Are you saying that if people had to own their own compressors, they would enjoy scuba more, or is it that the tiny number of people willing to shell out thousands of dollars to own and maintain a compressor did so because they already enjoyed scuba?
As for me, that lower bar for entry to scuba that you mock was important. I had a vacation planned to Cozumel, and I cannot sit on a beach and tan, so I took a quick and inexpensive course on the theory that I would dive a couple of days on that vacation and possibly on future vacations to tropical locations. I was envisioning possibly 6 dives every few years at the most. If you had told me I would have had to take weeks of training, with mile swims, long training runs, and the other physical fitness requirements you have regularly promoted in threads over the years to be certified, I would have looked for some other way to spend my time. If you had told me I would need to own my own tanks and compressor, I would have laughed out loud.

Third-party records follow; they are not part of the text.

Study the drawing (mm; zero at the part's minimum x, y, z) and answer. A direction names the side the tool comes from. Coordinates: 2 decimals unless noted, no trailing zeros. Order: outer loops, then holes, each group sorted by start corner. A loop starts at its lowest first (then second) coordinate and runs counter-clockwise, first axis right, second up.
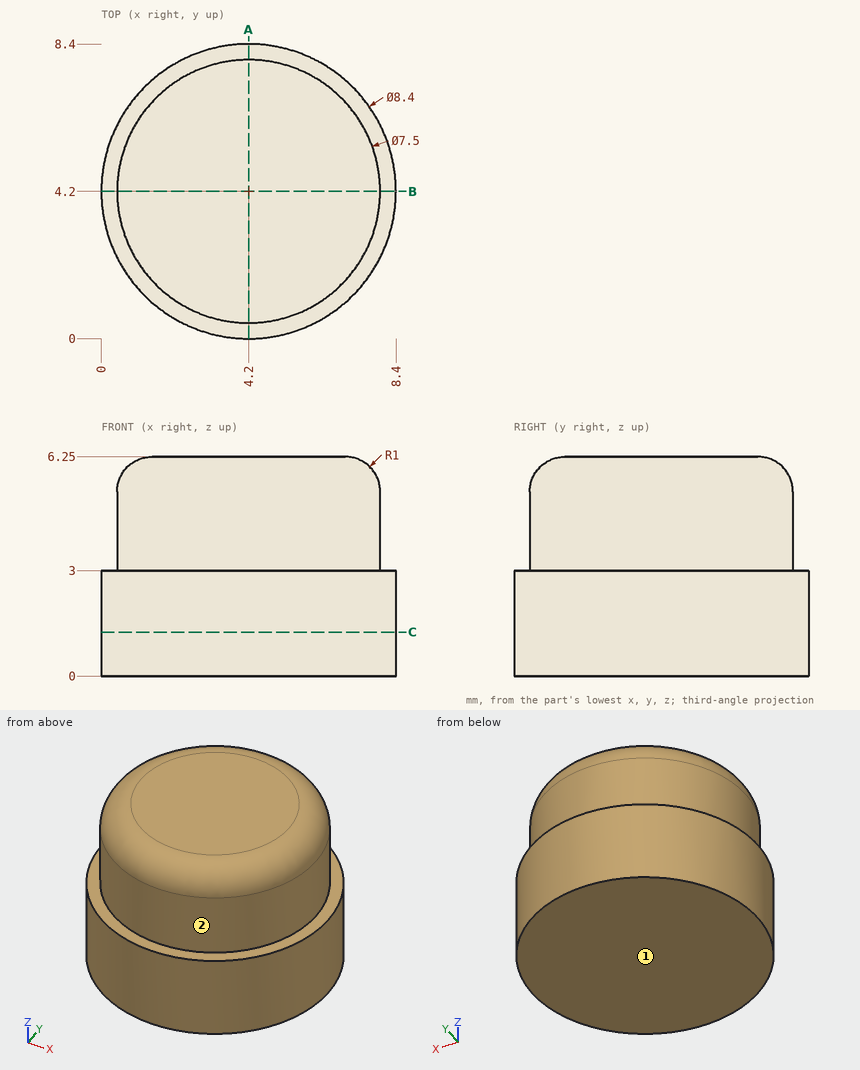
1) A cutting plane is placed at C-C, the plane z = 1.25. Determine the outline of the cut face in (x, y), and give its area (3 significant figures).
A:
outline: circle Ø8.4 at (4.2, 4.2)
area: 55.4 mm2
2) Flat-ended cylindrical pins translate along their axes: pin 1 Ø1.5 at (y, z) = (4.5, 4.5) entering from +X; pin 2 Ø3 at (x, z) = (5, 5.5) entering from -Y; pin 3 Ø1.5 at (x, z) = (1.5, 5) entering from +Y. Find the tip coordinate at first contact, or state that the pin passes through.
A:
pin 1: stops at x = 7.95
pin 2: stops at y = 0.45
pin 3: stops at y = 7.4
3) Straight lines are drawn through the part: line 1 (X direction, y = 6.75, z = 4.5); line 2 (X direction, y = 4.25, z = 5); line 3 (Z direction, x = 7.5, y = 2.25). For each, find the intervals that lie inside material, in ascending order.
A:
line 1: x = 1.45 to 6.95
line 2: x = 0.45 to 7.95
line 3: z = 0 to 3
4) Which of the six approach directions +Z, -Z, +X, -X, +Y, -Y give full straight-line access (tool end or side, diameter ignored) to the marked faces 1 and 2?
A:
face 1: -Z, +X, -X, +Y, -Y
face 2: +Z
5) A cutting plane is placed at A-A, the plane x = 4.2. Determine the outline of the cut face in (y, z).
A:
outline: (0, 0) - (8.4, 0) - (8.4, 3) - (7.95, 3) - (7.95, 5.25) arc R1 ccw to (6.95, 6.25) - (1.45, 6.25) arc R1 ccw to (0.45, 5.25) - (0.45, 3) - (0, 3) - close

My initial vision of occasional shallow dives in warm, tropical climes morphed into what I do now. In the past 10 months, my average pleasure (non-instructional) dive has been well over 200 feet deep, in water about 60 degrees. I think that is the kind of diving that you think would attract divers to the sport. In my case, it was just the opposite. I was attracted by the kind of diving you ridicule, and I very slowly changed into the diver I am now. I had to find out what scuba was really like before I could get the interest in taking it to where I am now.